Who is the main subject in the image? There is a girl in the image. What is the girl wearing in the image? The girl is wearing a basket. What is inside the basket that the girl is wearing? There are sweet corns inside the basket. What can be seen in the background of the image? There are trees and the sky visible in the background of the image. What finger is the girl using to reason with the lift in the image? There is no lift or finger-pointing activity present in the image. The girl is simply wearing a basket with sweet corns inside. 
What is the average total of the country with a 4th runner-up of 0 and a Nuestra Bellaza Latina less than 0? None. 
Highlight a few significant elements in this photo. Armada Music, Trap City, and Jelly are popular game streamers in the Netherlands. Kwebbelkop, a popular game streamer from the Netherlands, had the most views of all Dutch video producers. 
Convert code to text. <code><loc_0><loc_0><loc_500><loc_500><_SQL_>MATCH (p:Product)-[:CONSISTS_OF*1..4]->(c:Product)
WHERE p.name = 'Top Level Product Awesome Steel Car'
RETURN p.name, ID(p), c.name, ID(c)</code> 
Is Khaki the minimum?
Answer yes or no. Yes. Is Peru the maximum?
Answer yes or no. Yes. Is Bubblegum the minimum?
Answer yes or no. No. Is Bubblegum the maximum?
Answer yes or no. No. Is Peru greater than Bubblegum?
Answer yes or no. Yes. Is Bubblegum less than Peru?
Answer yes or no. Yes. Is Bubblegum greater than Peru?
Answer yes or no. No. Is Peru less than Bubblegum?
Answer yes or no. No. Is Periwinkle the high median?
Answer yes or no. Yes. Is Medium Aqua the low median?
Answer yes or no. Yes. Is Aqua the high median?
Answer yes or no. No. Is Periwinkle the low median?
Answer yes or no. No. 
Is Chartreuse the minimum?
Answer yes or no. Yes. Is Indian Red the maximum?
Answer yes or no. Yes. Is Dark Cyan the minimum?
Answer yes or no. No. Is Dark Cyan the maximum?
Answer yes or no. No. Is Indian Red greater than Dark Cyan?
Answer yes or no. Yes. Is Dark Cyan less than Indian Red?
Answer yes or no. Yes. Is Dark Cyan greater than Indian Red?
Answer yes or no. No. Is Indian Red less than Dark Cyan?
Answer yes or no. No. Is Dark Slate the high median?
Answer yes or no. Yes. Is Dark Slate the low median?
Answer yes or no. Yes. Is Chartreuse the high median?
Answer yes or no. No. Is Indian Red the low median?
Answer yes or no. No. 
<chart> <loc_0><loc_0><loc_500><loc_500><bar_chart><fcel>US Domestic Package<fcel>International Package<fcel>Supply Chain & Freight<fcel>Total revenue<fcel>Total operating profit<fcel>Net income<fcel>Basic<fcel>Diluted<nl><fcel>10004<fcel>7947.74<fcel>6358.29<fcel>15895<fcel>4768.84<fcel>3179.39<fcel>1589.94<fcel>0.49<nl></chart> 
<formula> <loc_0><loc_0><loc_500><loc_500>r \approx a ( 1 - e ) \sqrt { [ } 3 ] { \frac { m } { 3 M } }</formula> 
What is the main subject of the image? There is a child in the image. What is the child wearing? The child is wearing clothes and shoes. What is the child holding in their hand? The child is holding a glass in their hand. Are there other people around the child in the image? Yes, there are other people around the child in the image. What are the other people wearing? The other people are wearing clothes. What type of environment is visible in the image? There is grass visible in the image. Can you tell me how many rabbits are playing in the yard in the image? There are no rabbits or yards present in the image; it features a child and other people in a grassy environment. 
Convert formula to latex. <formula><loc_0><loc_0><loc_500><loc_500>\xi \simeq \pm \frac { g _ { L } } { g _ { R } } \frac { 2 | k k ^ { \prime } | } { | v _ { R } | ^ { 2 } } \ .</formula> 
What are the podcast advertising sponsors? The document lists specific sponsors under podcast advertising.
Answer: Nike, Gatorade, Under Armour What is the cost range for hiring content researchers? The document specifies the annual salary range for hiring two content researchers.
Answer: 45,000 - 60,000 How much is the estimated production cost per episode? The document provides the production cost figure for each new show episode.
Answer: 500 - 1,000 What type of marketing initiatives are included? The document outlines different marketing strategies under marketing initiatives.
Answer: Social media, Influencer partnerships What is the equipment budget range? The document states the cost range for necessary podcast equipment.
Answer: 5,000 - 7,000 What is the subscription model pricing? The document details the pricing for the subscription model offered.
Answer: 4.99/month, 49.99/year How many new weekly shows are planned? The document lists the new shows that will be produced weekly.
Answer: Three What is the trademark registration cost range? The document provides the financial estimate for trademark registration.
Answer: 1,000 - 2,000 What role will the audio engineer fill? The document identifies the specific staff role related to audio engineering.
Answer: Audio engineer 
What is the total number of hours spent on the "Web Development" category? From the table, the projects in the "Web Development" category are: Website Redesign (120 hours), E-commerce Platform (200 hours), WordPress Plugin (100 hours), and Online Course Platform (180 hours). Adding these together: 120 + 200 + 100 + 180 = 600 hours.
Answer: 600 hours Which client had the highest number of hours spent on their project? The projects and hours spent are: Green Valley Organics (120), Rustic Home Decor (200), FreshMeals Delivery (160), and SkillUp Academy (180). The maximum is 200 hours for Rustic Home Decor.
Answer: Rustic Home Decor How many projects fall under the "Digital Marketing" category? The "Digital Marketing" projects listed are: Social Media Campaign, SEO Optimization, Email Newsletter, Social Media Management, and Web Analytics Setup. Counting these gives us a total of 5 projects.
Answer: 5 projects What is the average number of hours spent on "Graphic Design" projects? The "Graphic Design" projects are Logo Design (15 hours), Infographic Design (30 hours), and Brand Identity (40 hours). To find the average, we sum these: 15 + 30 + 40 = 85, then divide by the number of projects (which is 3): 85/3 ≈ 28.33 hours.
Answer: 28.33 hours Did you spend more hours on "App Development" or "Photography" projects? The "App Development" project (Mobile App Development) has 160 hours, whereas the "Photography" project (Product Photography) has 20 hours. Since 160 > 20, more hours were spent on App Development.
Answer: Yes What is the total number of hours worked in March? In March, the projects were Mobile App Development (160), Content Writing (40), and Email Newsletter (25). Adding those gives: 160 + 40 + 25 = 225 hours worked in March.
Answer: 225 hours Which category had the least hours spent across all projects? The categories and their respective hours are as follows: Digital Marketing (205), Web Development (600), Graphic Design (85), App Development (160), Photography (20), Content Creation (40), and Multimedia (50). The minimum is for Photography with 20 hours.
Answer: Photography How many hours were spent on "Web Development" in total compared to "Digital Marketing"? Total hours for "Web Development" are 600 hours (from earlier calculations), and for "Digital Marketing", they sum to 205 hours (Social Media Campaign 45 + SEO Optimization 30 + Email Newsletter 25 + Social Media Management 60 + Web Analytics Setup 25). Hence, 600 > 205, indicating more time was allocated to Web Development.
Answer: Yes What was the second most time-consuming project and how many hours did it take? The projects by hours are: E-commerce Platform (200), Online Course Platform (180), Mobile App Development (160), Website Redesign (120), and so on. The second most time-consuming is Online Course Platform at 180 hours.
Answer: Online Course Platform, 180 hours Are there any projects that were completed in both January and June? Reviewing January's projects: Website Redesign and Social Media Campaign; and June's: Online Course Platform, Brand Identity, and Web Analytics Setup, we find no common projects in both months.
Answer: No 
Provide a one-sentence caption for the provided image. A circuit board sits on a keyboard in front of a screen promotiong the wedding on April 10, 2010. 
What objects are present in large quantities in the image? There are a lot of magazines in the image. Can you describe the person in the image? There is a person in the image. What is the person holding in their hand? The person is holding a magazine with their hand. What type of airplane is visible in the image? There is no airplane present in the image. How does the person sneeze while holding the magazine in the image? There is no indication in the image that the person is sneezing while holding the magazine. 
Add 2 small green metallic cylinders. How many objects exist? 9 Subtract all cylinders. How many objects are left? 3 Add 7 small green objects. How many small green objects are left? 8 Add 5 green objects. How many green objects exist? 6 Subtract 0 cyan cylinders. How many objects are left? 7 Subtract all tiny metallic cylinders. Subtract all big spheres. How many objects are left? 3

## TASK GOAL
The answer is all of the material, given again exactly.

## SOLVED EXERCISE
Who is the main subject in the image? There is a girl in the image. What is the girl wearing in the image? The girl is wearing a basket. What is inside the basket that the girl is wearing? There are sweet corns inside the basket. What can be seen in the background of the image? There are trees and the sky visible in the background of the image. What finger is the girl using to reason with the lift in the image? There is no lift or finger-pointing activity present in the image. The girl is simply wearing a basket with sweet corns inside. 
What is the average total of the country with a 4th runner-up of 0 and a Nuestra Bellaza Latina less than 0? None. 
Highlight a few significant elements in this photo. Armada Music, Trap City, and Jelly are popular game streamers in the Netherlands. Kwebbelkop, a popular game streamer from the Netherlands, had the most views of all Dutch video producers. 
Convert code to text. <code><loc_0><loc_0><loc_500><loc_500><_SQL_>MATCH (p:Product)-[:CONSISTS_OF*1..4]->(c:Product)
WHERE p.name = 'Top Level Product Awesome Steel Car'
RETURN p.name, ID(p), c.name, ID(c)</code> 
Is Khaki the minimum?
Answer yes or no. Yes. Is Peru the maximum?
Answer yes or no. Yes. Is Bubblegum the minimum?
Answer yes or no. No. Is Bubblegum the maximum?
Answer yes or no. No. Is Peru greater than Bubblegum?
Answer yes or no. Yes. Is Bubblegum less than Peru?
Answer yes or no. Yes. Is Bubblegum greater than Peru?
Answer yes or no. No. Is Peru less than Bubblegum?
Answer yes or no. No. Is Periwinkle the high median?
Answer yes or no. Yes. Is Medium Aqua the low median?
Answer yes or no. Yes. Is Aqua the high median?
Answer yes or no. No. Is Periwinkle the low median?
Answer yes or no. No. 
Is Chartreuse the minimum?
Answer yes or no. Yes. Is Indian Red the maximum?
Answer yes or no. Yes. Is Dark Cyan the minimum?
Answer yes or no. No. Is Dark Cyan the maximum?
Answer yes or no. No. Is Indian Red greater than Dark Cyan?
Answer yes or no. Yes. Is Dark Cyan less than Indian Red?
Answer yes or no. Yes. Is Dark Cyan greater than Indian Red?
Answer yes or no. No. Is Indian Red less than Dark Cyan?
Answer yes or no. No. Is Dark Slate the high median?
Answer yes or no. Yes. Is Dark Slate the low median?
Answer yes or no. Yes. Is Chartreuse the high median?
Answer yes or no. No. Is Indian Red the low median?
Answer yes or no. No. 
<chart> <loc_0><loc_0><loc_500><loc_500><bar_chart><fcel>US Domestic Package<fcel>International Package<fcel>Supply Chain & Freight<fcel>Total revenue<fcel>Total operating profit<fcel>Net income<fcel>Basic<fcel>Diluted<nl><fcel>10004<fcel>7947.74<fcel>6358.29<fcel>15895<fcel>4768.84<fcel>3179.39<fcel>1589.94<fcel>0.49<nl></chart> 
<formula> <loc_0><loc_0><loc_500><loc_500>r \approx a ( 1 - e ) \sqrt { [ } 3 ] { \frac { m } { 3 M } }</formula> 
What is the main subject of the image? There is a child in the image. What is the child wearing? The child is wearing clothes and shoes. What is the child holding in their hand? The child is holding a glass in their hand. Are there other people around the child in the image? Yes, there are other people around the child in the image. What are the other people wearing? The other people are wearing clothes. What type of environment is visible in the image? There is grass visible in the image. Can you tell me how many rabbits are playing in the yard in the image? There are no rabbits or yards present in the image; it features a child and other people in a grassy environment. 
Convert formula to latex. <formula><loc_0><loc_0><loc_500><loc_500>\xi \simeq \pm \frac { g _ { L } } { g _ { R } } \frac { 2 | k k ^ { \prime } | } { | v _ { R } | ^ { 2 } } \ .</formula> 
What are the podcast advertising sponsors? The document lists specific sponsors under podcast advertising.
Answer: Nike, Gatorade, Under Armour What is the cost range for hiring content researchers? The document specifies the annual salary range for hiring two content researchers.
Answer: 45,000 - 60,000 How much is the estimated production cost per episode? The document provides the production cost figure for each new show episode.
Answer: 500 - 1,000 What type of marketing initiatives are included? The document outlines different marketing strategies under marketing initiatives.
Answer: Social media, Influencer partnerships What is the equipment budget range? The document states the cost range for necessary podcast equipment.
Answer: 5,000 - 7,000 What is the subscription model pricing? The document details the pricing for the subscription model offered.
Answer: 4.99/month, 49.99/year How many new weekly shows are planned? The document lists the new shows that will be produced weekly.
Answer: Three What is the trademark registration cost range? The document provides the financial estimate for trademark registration.
Answer: 1,000 - 2,000 What role will the audio engineer fill? The document identifies the specific staff role related to audio engineering.
Answer: Audio engineer 
What is the total number of hours spent on the "Web Development" category? From the table, the projects in the "Web Development" category are: Website Redesign (120 hours), E-commerce Platform (200 hours), WordPress Plugin (100 hours), and Online Course Platform (180 hours). Adding these together: 120 + 200 + 100 + 180 = 600 hours.
Answer: 600 hours Which client had the highest number of hours spent on their project? The projects and hours spent are: Green Valley Organics (120), Rustic Home Decor (200), FreshMeals Delivery (160), and SkillUp Academy (180). The maximum is 200 hours for Rustic Home Decor.
Answer: Rustic Home Decor How many projects fall under the "Digital Marketing" category? The "Digital Marketing" projects listed are: Social Media Campaign, SEO Optimization, Email Newsletter, Social Media Management, and Web Analytics Setup. Counting these gives us a total of 5 projects.
Answer: 5 projects What is the average number of hours spent on "Graphic Design" projects? The "Graphic Design" projects are Logo Design (15 hours), Infographic Design (30 hours), and Brand Identity (40 hours). To find the average, we sum these: 15 + 30 + 40 = 85, then divide by the number of projects (which is 3): 85/3 ≈ 28.33 hours.
Answer: 28.33 hours Did you spend more hours on "App Development" or "Photography" projects? The "App Development" project (Mobile App Development) has 160 hours, whereas the "Photography" project (Product Photography) has 20 hours. Since 160 > 20, more hours were spent on App Development.
Answer: Yes What is the total number of hours worked in March? In March, the projects were Mobile App Development (160), Content Writing (40), and Email Newsletter (25). Adding those gives: 160 + 40 + 25 = 225 hours worked in March.
Answer: 225 hours Which category had the least hours spent across all projects? The categories and their respective hours are as follows: Digital Marketing (205), Web Development (600), Graphic Design (85), App Development (160), Photography (20), Content Creation (40), and Multimedia (50). The minimum is for Photography with 20 hours.
Answer: Photography How many hours were spent on "Web Development" in total compared to "Digital Marketing"? Total hours for "Web Development" are 600 hours (from earlier calculations), and for "Digital Marketing", they sum to 205 hours (Social Media Campaign 45 + SEO Optimization 30 + Email Newsletter 25 + Social Media Management 60 + Web Analytics Setup 25). Hence, 600 > 205, indicating more time was allocated to Web Development.
Answer: Yes What was the second most time-consuming project and how many hours did it take? The projects by hours are: E-commerce Platform (200), Online Course Platform (180), Mobile App Development (160), Website Redesign (120), and so on. The second most time-consuming is Online Course Platform at 180 hours.
Answer: Online Course Platform, 180 hours Are there any projects that were completed in both January and June? Reviewing January's projects: Website Redesign and Social Media Campaign; and June's: Online Course Platform, Brand Identity, and Web Analytics Setup, we find no common projects in both months.
Answer: No 
Provide a one-sentence caption for the provided image. A circuit board sits on a keyboard in front of a screen promotiong the wedding on April 10, 2010. 
What objects are present in large quantities in the image? There are a lot of magazines in the image. Can you describe the person in the image? There is a person in the image. What is the person holding in their hand? The person is holding a magazine with their hand. What type of airplane is visible in the image? There is no airplane present in the image. How does the person sneeze while holding the magazine in the image? There is no indication in the image that the person is sneezing while holding the magazine. 
Add 2 small green metallic cylinders. How many objects exist? 9 Subtract all cylinders. How many objects are left? 3 Add 7 small green objects. How many small green objects are left? 8 Add 5 green objects. How many green objects exist? 6 Subtract 0 cyan cylinders. How many objects are left? 7 Subtract all tiny metallic cylinders. Subtract all big spheres. How many objects are left? 3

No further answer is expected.